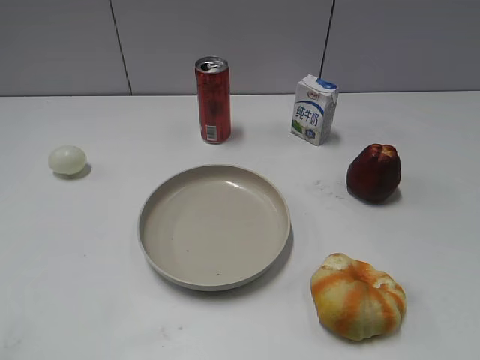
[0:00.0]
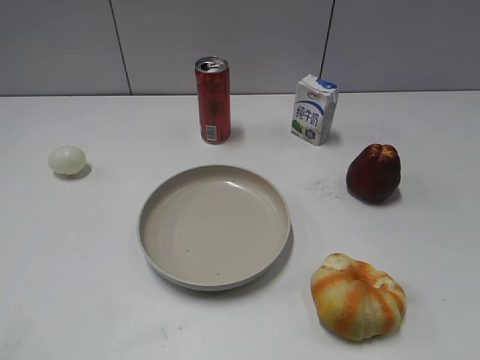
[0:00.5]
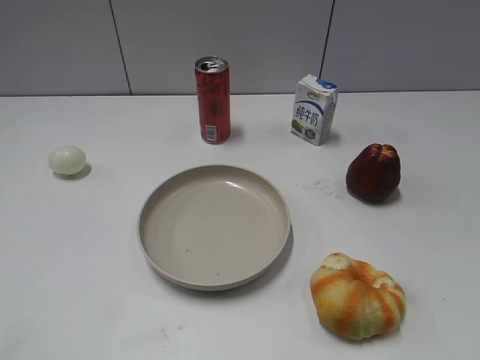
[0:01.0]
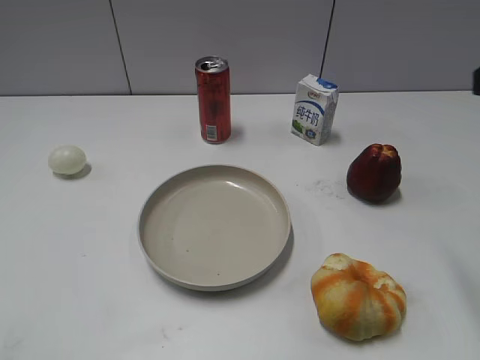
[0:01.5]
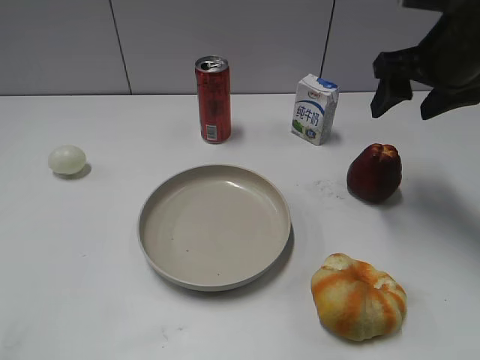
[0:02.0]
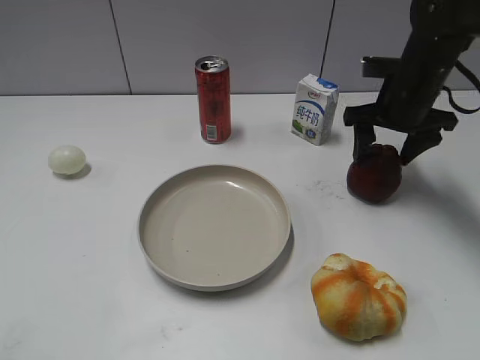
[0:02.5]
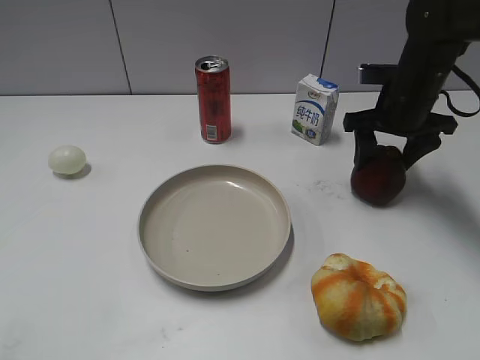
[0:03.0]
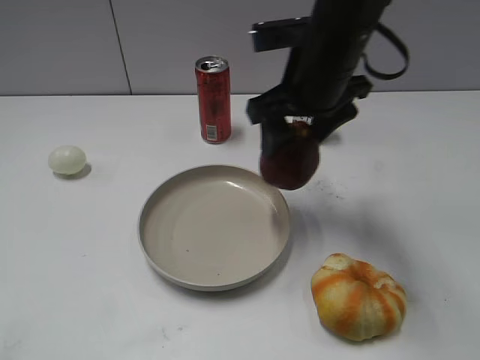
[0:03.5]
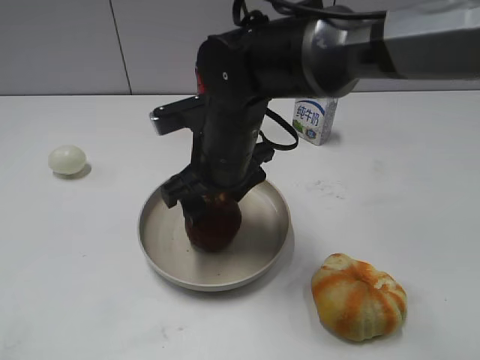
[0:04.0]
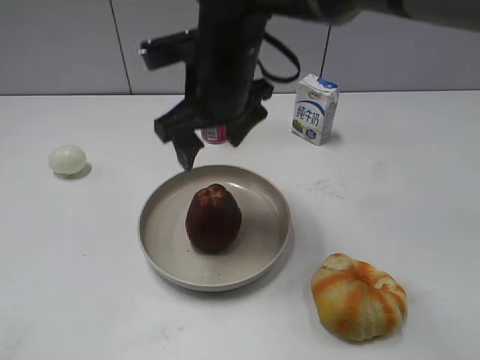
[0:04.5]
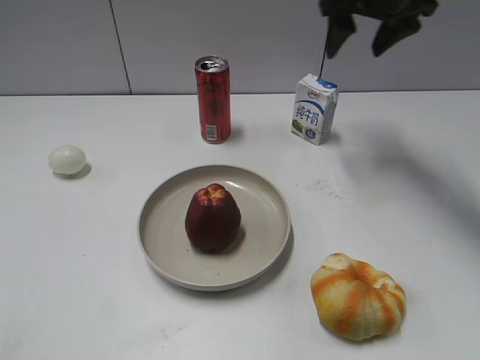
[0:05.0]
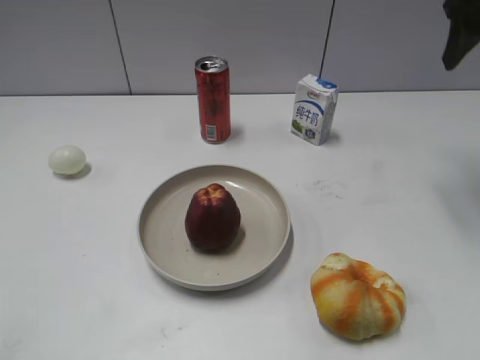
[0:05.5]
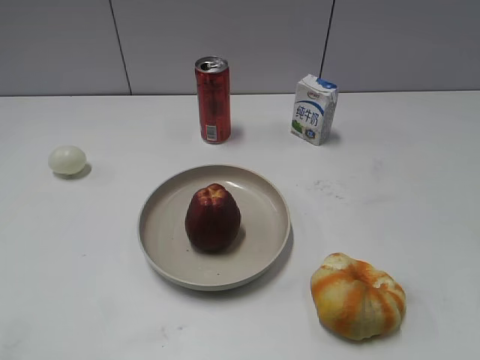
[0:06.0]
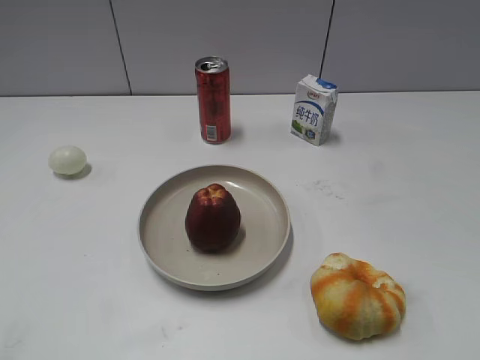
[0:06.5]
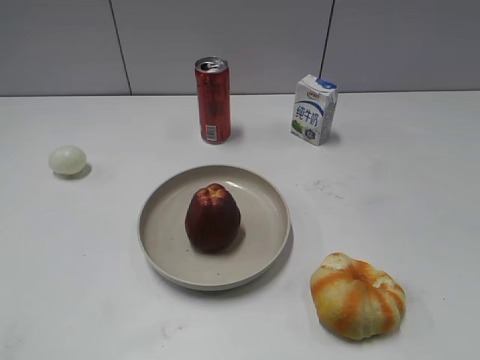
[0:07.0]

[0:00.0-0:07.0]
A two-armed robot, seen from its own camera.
——
_What is required_.
Only the text of the records belongs in your answer, repeated exactly; the pictures stay out.

_Answer to the problem_.
[0:00.0]
[0:00.5]
[0:01.0]
[0:01.5]
[0:02.0]
[0:02.5]
[0:03.0]
[0:03.5]
[0:04.0]
[0:04.5]
[0:05.0]
[0:05.5]
[0:06.0]
[0:06.5]
[0:07.0]

[0:00.0-0:07.0]
A two-armed robot, seen from its own camera.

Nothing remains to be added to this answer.